Wednesday, June 26, 2013

Crude Oil Settles Higher on Bargain Buying after Recent Sharp Drop

Crude-oil futures prices settled higher Thursday amid bargain-hunting after a recent steep selloff, with North Sea Brent posting its first gain after six down days.

News of lower exports of Nigerian crude oil buoyed prices of European benchmark Brent crude, which had tumbled in the past six session to its lowest level since July 2. Royal Dutch Shell's (RDSA, RDSA.LN) Nigerian unit said it cut output of Bonny Light crude oil by 150,000 barrels a day and halted exports in order to resolve issues with a key oil pipeline.
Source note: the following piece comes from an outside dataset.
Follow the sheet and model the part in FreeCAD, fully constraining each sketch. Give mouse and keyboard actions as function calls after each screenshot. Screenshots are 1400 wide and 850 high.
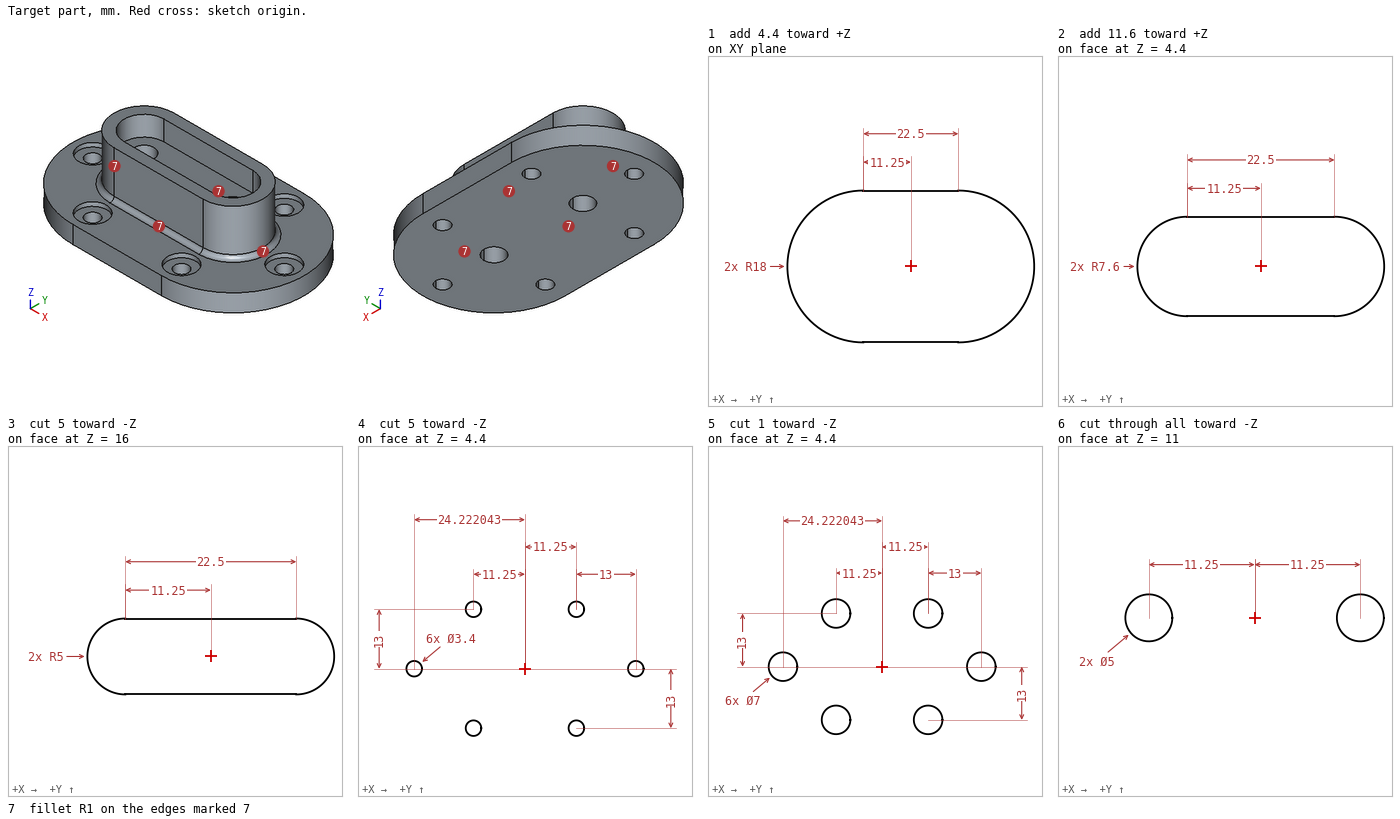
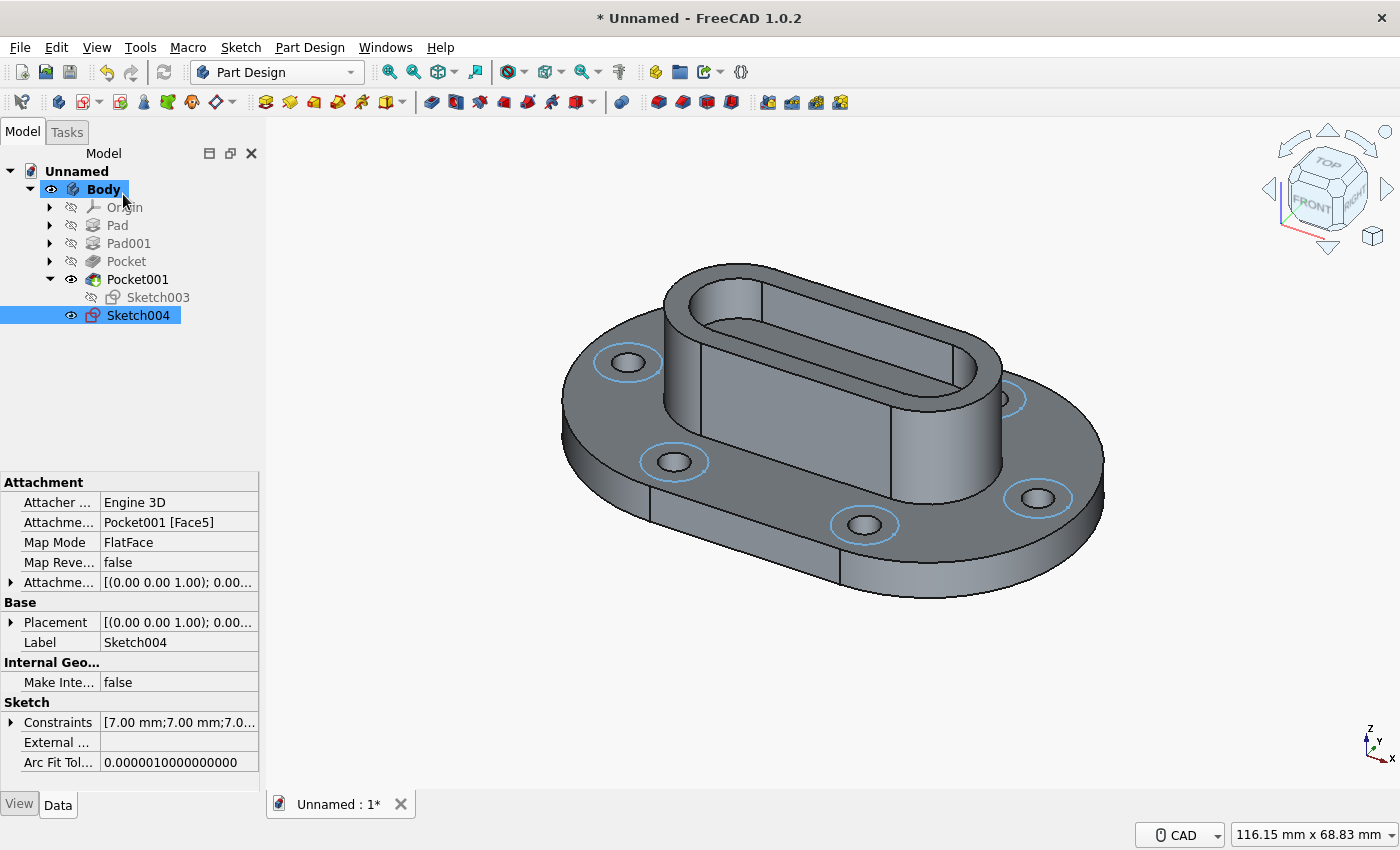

Traders said an extended outage in shipments of the Brent lookalike would underpin prices of the European benchmark. But the overall supply-demand picture for oil remains weak, amid stuttering signs of economy recovery in the U.S., the world's biggest oil consumer.

"We are a slave to the economy right now and the picture's not particularly great," said Carl Larry, analyst at Oil Outlooks and Opinions.

June North Sea Brent crude oil futures on the InterContinental Exchange settled 1.5%, or $1.44, higher at $99.13 a barrel, after six days of declines. The June contract traded in a high-low range of near $10 a barrel since April 10, dropping 8%, or nearly $8.50 a barrel in the period.

May-delivery light, sweet crude oil futures on the New York Mercantile Exchange settled 1.2%, or $1.01 higher, at $88.20 a barrel, after settling Wednesday at a four-month low.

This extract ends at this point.